The Future of Streaming Services and Entertainment


Sarah Gonyon

Senior Research Analyst, Quantitative Research

Before the pandemic, streaming services like Netflix, Hulu and Disney+ had become staples in household budgets but household penetration increased even more during the stay-at-home mandates that occurred around the world. According to the Motion Picture Association, the number of streaming subscriptions rose by 32% to a total of 308.6 million subscriptions in 2020. These streaming services provide instant access to thousands of movies and TV shows to watch whenever you want, wherever you want! With consumers having more free time on their hands and being home more than usual, these streaming services offered a great opportunity to broaden their “watch library” and keep themselves and their kids entertained. 
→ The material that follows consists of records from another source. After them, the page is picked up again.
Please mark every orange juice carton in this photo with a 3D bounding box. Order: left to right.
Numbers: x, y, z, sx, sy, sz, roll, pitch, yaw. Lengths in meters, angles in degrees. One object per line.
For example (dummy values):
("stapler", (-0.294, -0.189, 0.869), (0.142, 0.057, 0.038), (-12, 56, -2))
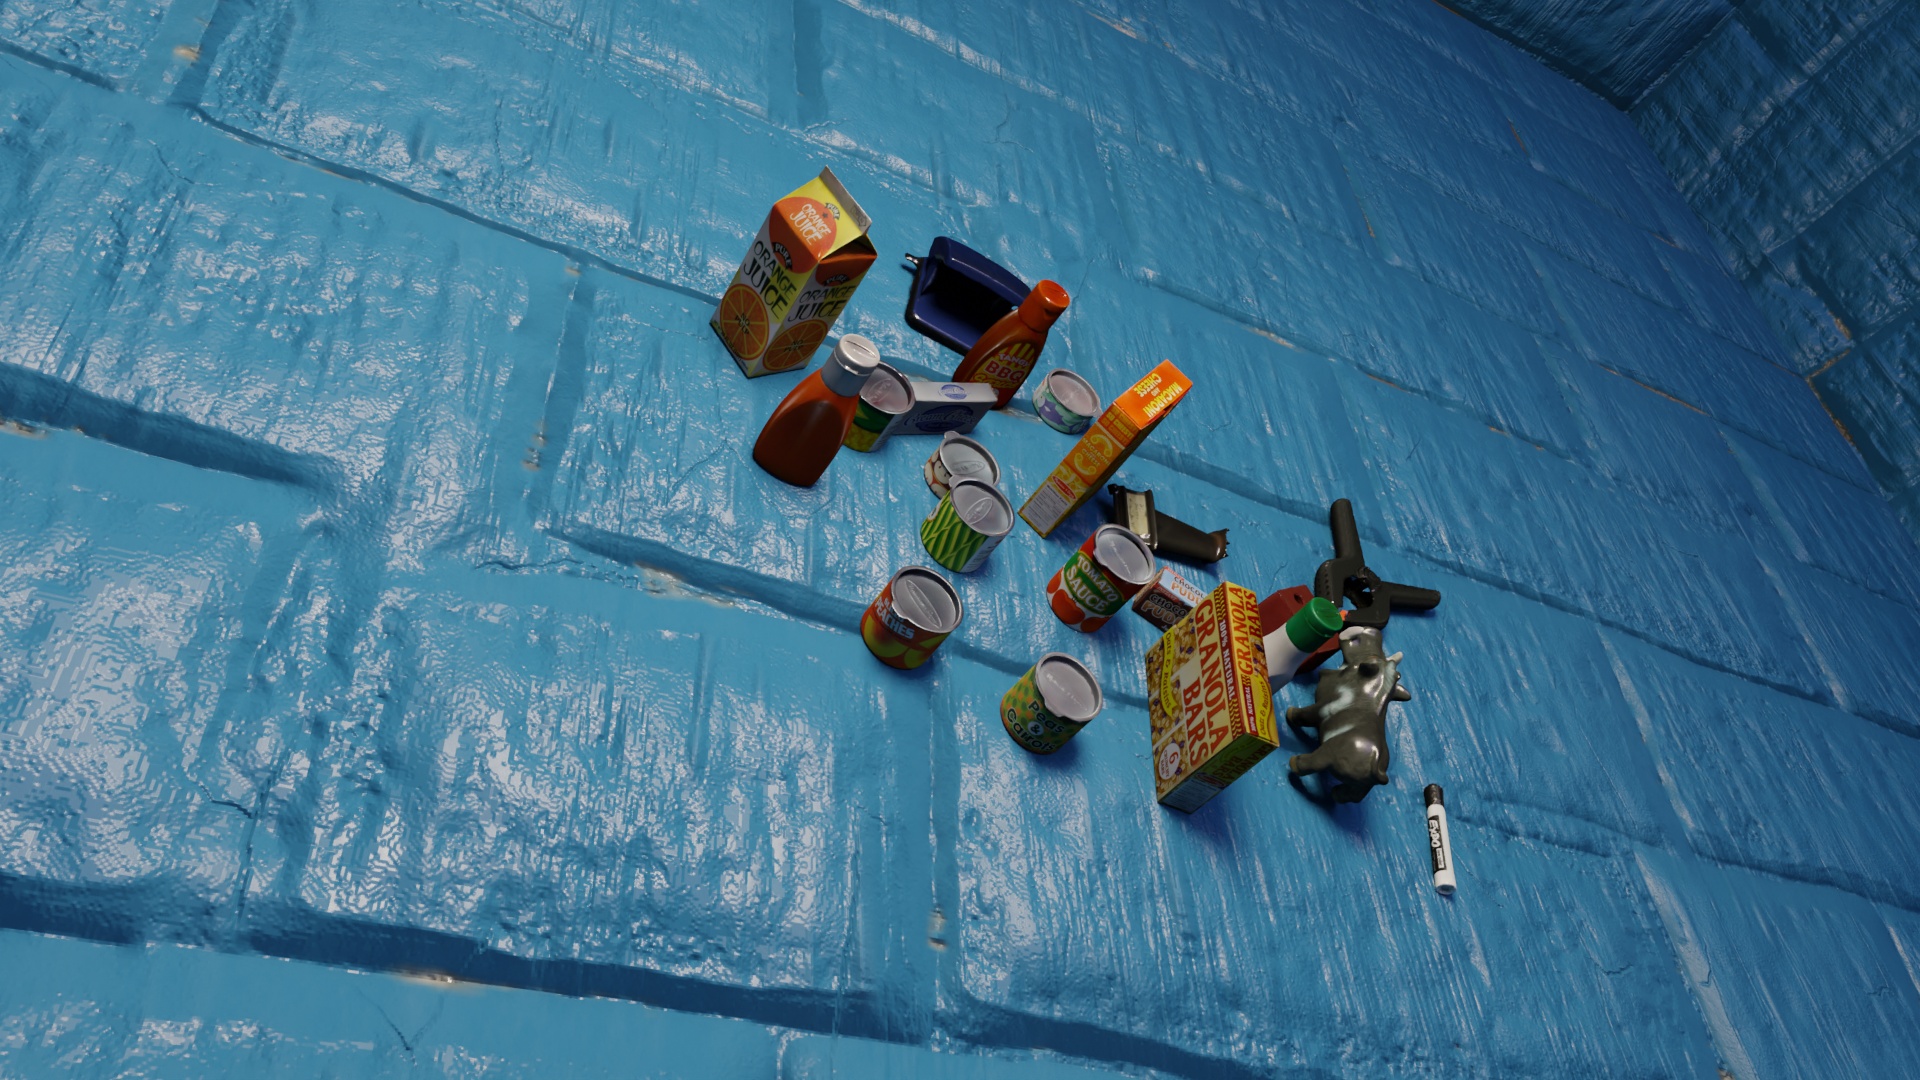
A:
("orange juice carton", (-0.141, -0.236, 1.226), (0.073, 0.191, 0.072), (-18, 66, -46))

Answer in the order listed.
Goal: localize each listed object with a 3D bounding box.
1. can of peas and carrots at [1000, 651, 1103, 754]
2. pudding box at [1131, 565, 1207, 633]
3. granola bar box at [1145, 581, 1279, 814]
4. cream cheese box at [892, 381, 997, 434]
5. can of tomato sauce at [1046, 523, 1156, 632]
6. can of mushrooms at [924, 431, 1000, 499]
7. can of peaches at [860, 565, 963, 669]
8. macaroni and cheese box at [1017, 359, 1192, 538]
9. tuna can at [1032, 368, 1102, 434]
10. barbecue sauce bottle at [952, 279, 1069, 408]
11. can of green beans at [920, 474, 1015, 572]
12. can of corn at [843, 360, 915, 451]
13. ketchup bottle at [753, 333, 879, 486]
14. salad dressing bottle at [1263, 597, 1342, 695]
("can of peas and carrots", (0.074, 0.137, 1.153), (0.071, 0.058, 0.071), (21, 44, -21))
("pudding box", (0.213, 0.067, 1.330), (0.083, 0.049, 0.030), (35, 40, -6))
("granola bar box", (0.215, 0.135, 1.212), (0.039, 0.123, 0.166), (22, 43, -20))
("cream cheese box", (-0.020, -0.126, 1.326), (0.104, 0.053, 0.024), (-4, 57, -40))
("can of tomato sauce", (0.126, 0.036, 1.266), (0.071, 0.082, 0.071), (21, 44, -21))
("can of mushrooms", (0.001, -0.066, 1.301), (0.071, 0.033, 0.071), (21, 44, -21))
("can of peaches", (-0.042, 0.063, 1.132), (0.071, 0.057, 0.071), (21, 44, -21))
("macaroni and cheese box", (0.139, -0.087, 1.324), (0.040, 0.165, 0.124), (45, 40, 5))
("tuna can", (0.113, -0.145, 1.460), (0.071, 0.032, 0.071), (21, 44, -21))
("barbecue sauce bottle", (0.053, -0.194, 1.370), (0.065, 0.147, 0.044), (15, 46, -27))
("can of green beans", (0.006, -0.014, 1.239), (0.071, 0.057, 0.071), (21, 44, -21))
("can of corn", (-0.086, -0.125, 1.270), (0.071, 0.058, 0.071), (21, 44, -21))
("ketchup bottle", (-0.117, -0.110, 1.163), (0.065, 0.148, 0.044), (27, 42, -15))
("salad dressing bottle", (0.290, 0.107, 1.277), (0.064, 0.147, 0.044), (7, 50, -33))

And, since mid-2020, new streaming services like Peacock, Discovery+, and HBO’s rebranding of HBO Max were launched giving us even more viewing options. But as the world opens back up and we return to some level of normalcy, what will happen to all the streaming services we were glued to during the height of the pandemic?

The pandemic also created a seismic shift in how we consume full-length theatrical movies. HBO began debuting all of Warner Brothers’ theatrical releases on HBO Max the same day they are released in theaters for no extra charge to paid subscribers. Blockbuster movies that you normally would have to go to the theater to see can now be seen in the comfort of your home and for a much lower price than buying a movie theater ticket. Many consider this a game-changing move that could permanently shift the entertainment industry and, specifically, the movie theater industry. For example, it will likely complicate how much money a film grosses, especially those with high costs to recoup. HBO Max does not release viewership numbers, so it makes it difficult to determine if subscribers decided to watch a movie at home instead of at the theater or at all.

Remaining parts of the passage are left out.